He talked a great deal,
drank wine, and smoked expensive cigars. Very often, almost every day, young
ladies of neighbouring families would come to the Pesotskys', and would sing
and play the piano with Tanya; sometimes a young neighbour who was a good
violinist would come, too. Kovrin listened with eagerness to the music and
singing, and was exhausted by it, and this showed itself by his eyes closing
and his head falling to one side.
One day he was sitting
on the balcony after evening tea, reading. At the same time, in the
drawing-room, Tanya taking soprano, one of the young ladies a contralto, and
the young man with his violin, were practising a well-known serenade of
Braga's. Kovrin listened to the words -- they were Russian -- and could not
understand their meaning. At last, leaving his book and listening attentively,
he understood: a maiden, full of sick fancies, heard one night in her garden
mysterious sounds, so strange and lovely that she was obliged to recognise them
as a holy harmony which is unintelligible to us mortals, and so flies back to
heaven. Kovrin's eyes began to close. He got up, and in exhaustion walked up
and down the drawing-room, and then the dining-room. When the singing was over
he took Tanya's arm, and with her went out on the balcony.
"I have been all
day thinking of a legend," he said. "I don't remember whether I have
read it somewhere or heard it, but it is a strange and almost grotesque legend.

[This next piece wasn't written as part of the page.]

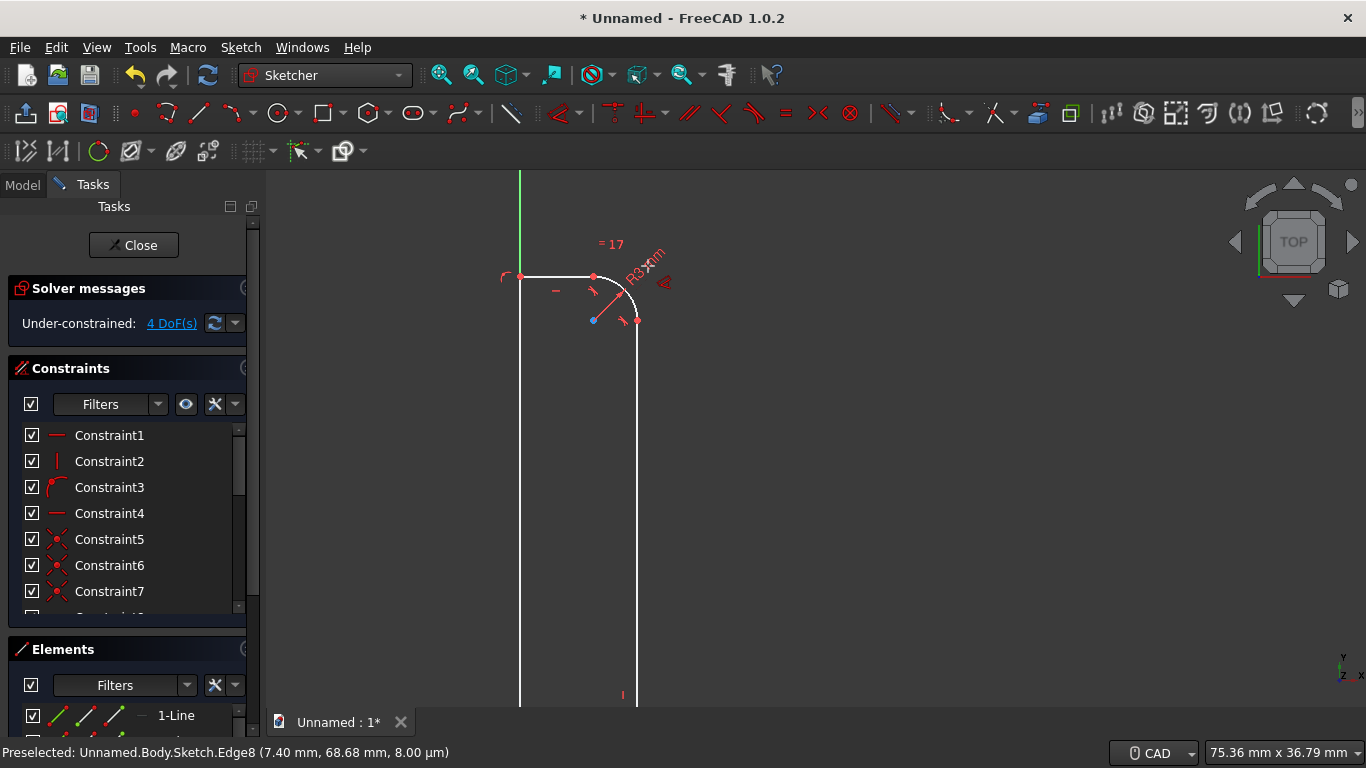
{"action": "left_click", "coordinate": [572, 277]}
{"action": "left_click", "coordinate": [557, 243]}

To begin with, it is somewhat obscure. A thousand years ago a monk, dressed in
black, wandered about the desert, somewhere in Syria or Arabia. . . . Some
miles from where he was, some fisherman saw another black monk, who was moving
slowly over the surface of a lake. This second monk was a mirage. Now forget
all the laws of optics, which the legend does not recognise, and listen to the
rest. From that mirage there was cast another mirage, then from that other a
third, so that the image of the black monk began to be repeated endlessly from
one layer of the atmosphere to another. So that he was seen at one time in
Africa, at another in Spain, then in Italy, then in the Far North. . . . Then
he passed out of the atmosphere of the earth, and now he is wandering all over
the universe, still never coming into conditions in which he might disappear.
Possibly he may be seen now in Mars or in some star of the Southern Cross. But,
my dear, the real point on which the whole legend hangs lies in the fact that,
exactly a thousand years from the day when the monk walked in the desert, the
mirage will return to the atmosphere of the earth again and will appear to men.
And it seems that the thousand years is almost up. . . . According to the
legend, we may look out for the black monk to-day or to-morrow."
"A queer
mirage," said Tanya, who did not like the legend.
"But the most
wonderful part of it all," laughed Kovrin, "is that I simply cannot
recall where I got this legend from. Have I read it somewhere? Have I heard it?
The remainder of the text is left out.